Elizondo, Gallaudet and Gold are all scheduled to appear May 1 during the UAP briefing. Elizondo is on the Disclosure Fund’s board of directors, while Gallaudet joined the organization’s advisory board in February 2025.
“I believe we as Americans can handle the truth,” Elizondo said in November, “and I also believe the world deserves the truth.”
Leader of Pentagon’s UAP office testifies
Days after the hearing – which also included reinforced claims of an active military program to retrieve downed alien spacecraft – the leader of the Pentagon’s office to investigate UFOs provided testimony of his own.
That agency, the All-Domain Anomaly Resolution Office (AARO,) came under heavy fire at the hearing when the witnesses blasted it for what they claimed were secrecy and spreading misinformation.
Many sightings AARO has historically investigated are reported by military fighter pilots, some of whom have captured footage on jets’ cockpit gun cameras of UAP. But so far, the agency has repeatedly denied finding any evidence that the craft were extraterrestrial in nature.

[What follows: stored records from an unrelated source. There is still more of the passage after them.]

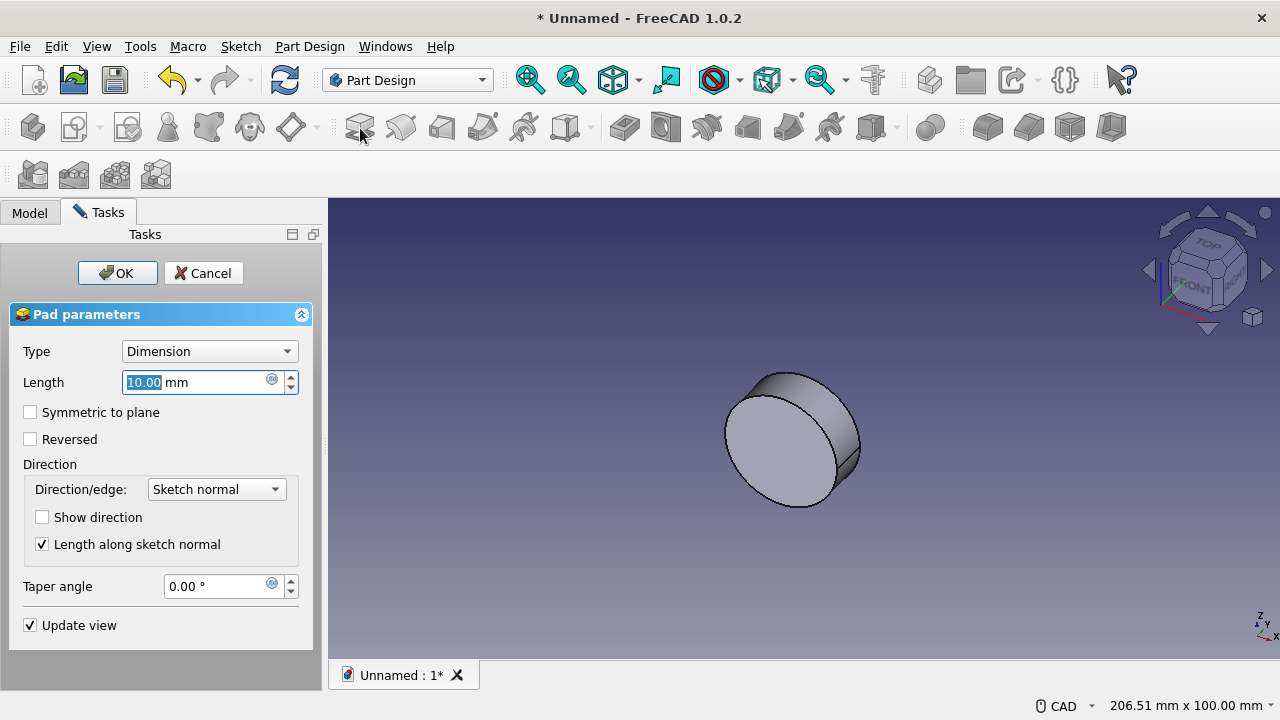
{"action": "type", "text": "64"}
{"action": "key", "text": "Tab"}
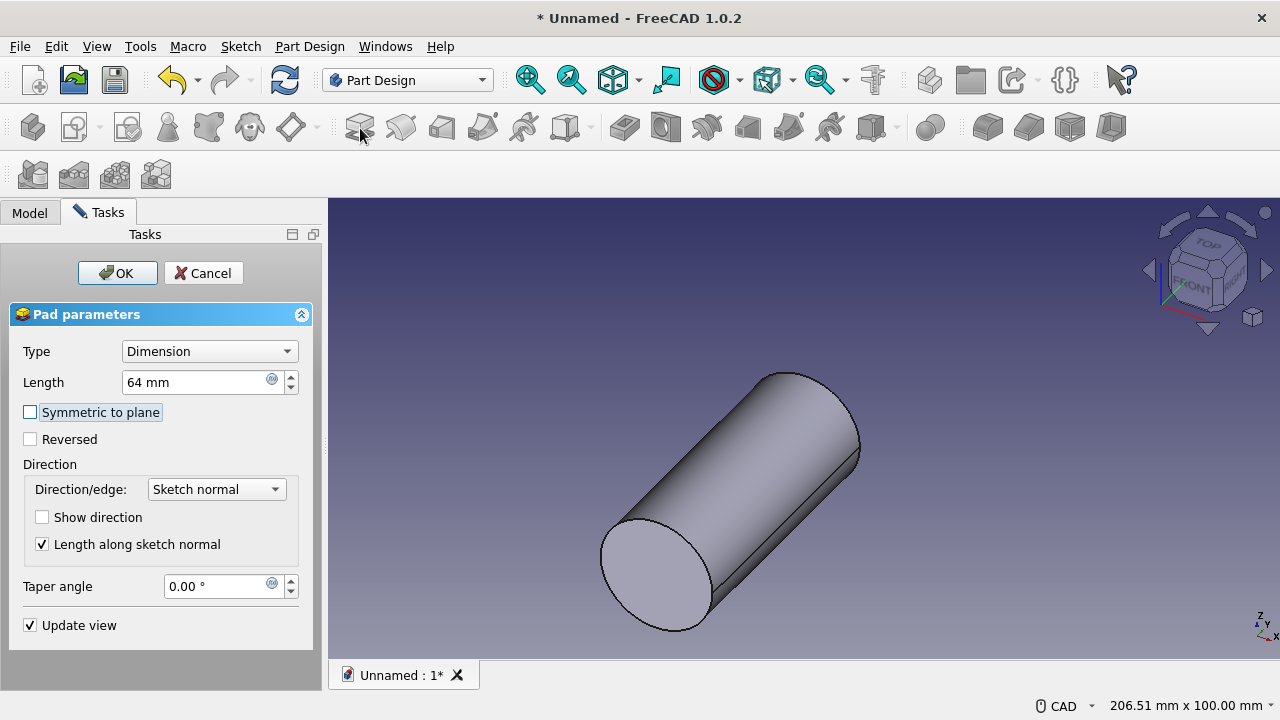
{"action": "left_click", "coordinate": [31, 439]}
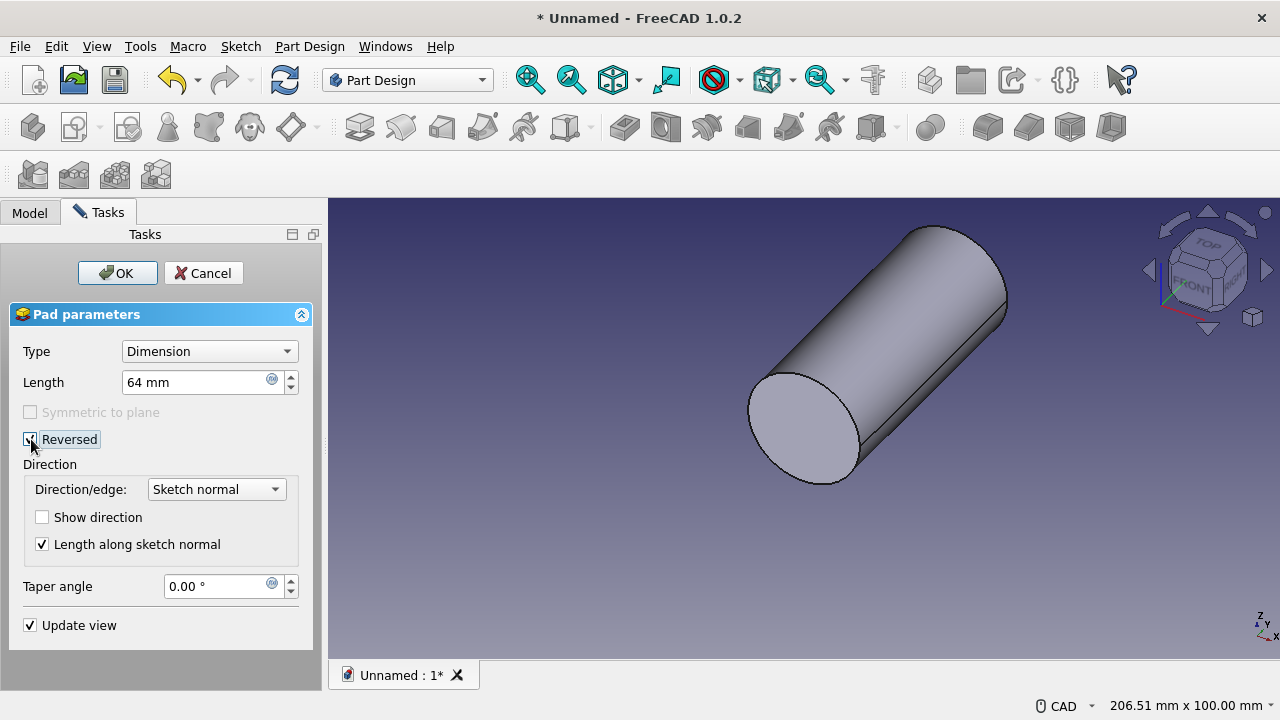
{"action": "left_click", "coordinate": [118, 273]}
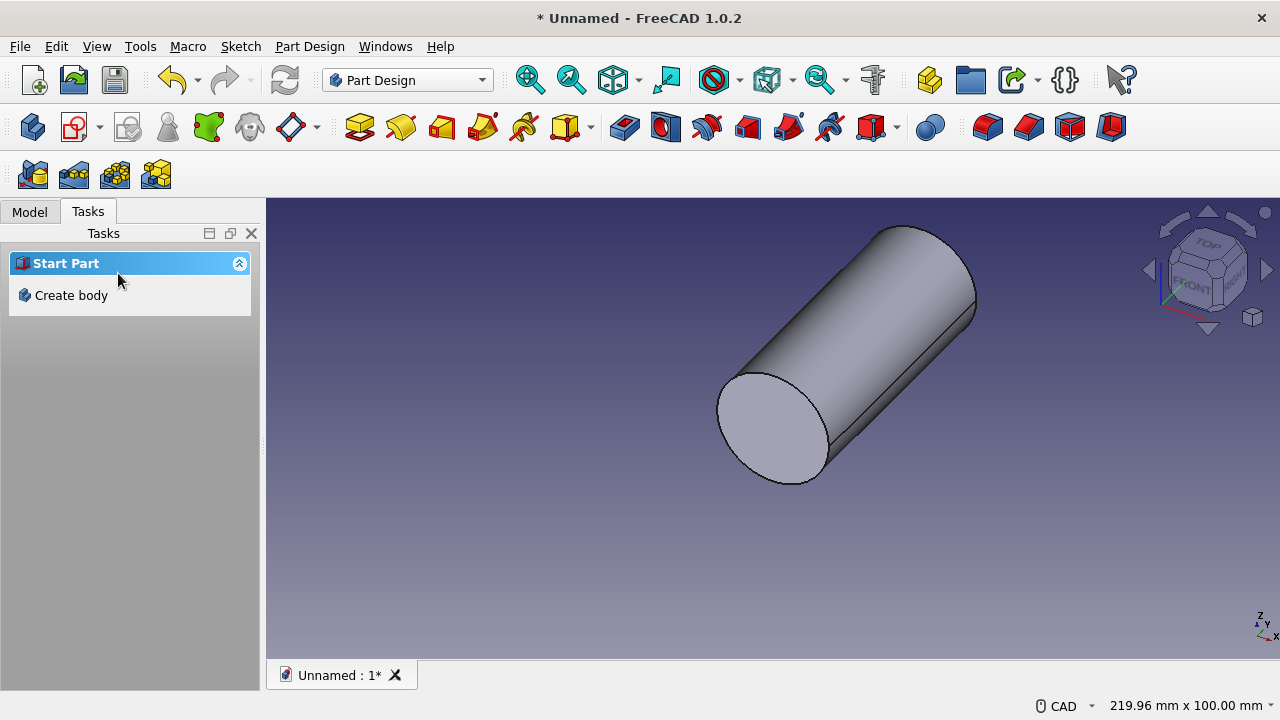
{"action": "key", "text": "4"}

Jon T. Kosloski, the newly-appointed director of AARO, reinforced those findings when he testified Nov. 19 in a Senate hearing, saying the office “has not discovered any verifiable evidence of extraterrestrial beings, activity, or technology.”
National Archives releases some UFO records
The impending briefing also comes after the National Archives released in late April some records related to reports of UFOS.
The National Archives was required to release the trove under a provision included in an annual defense policy bill directing the executive branch to declassify certain records.
But not all who have long pushed for UFO transparency were happy with what was made public. That includes Avi Loeb, an astrophysicist at Harvard University who made headlines in August 2023 when he claimed that remnants of a meteor he and a team recovered in the Pacific Ocean were interstellar in origin.
The reports “contain limited data that cannot be verified,” Loeb, who is among the scheduled slate of speakers at the UAP Disclosure Fund event, wrote in a post on Medium. “Since the sky and oceans are not classified, it makes more sense to collect new and better data on millions of objects.”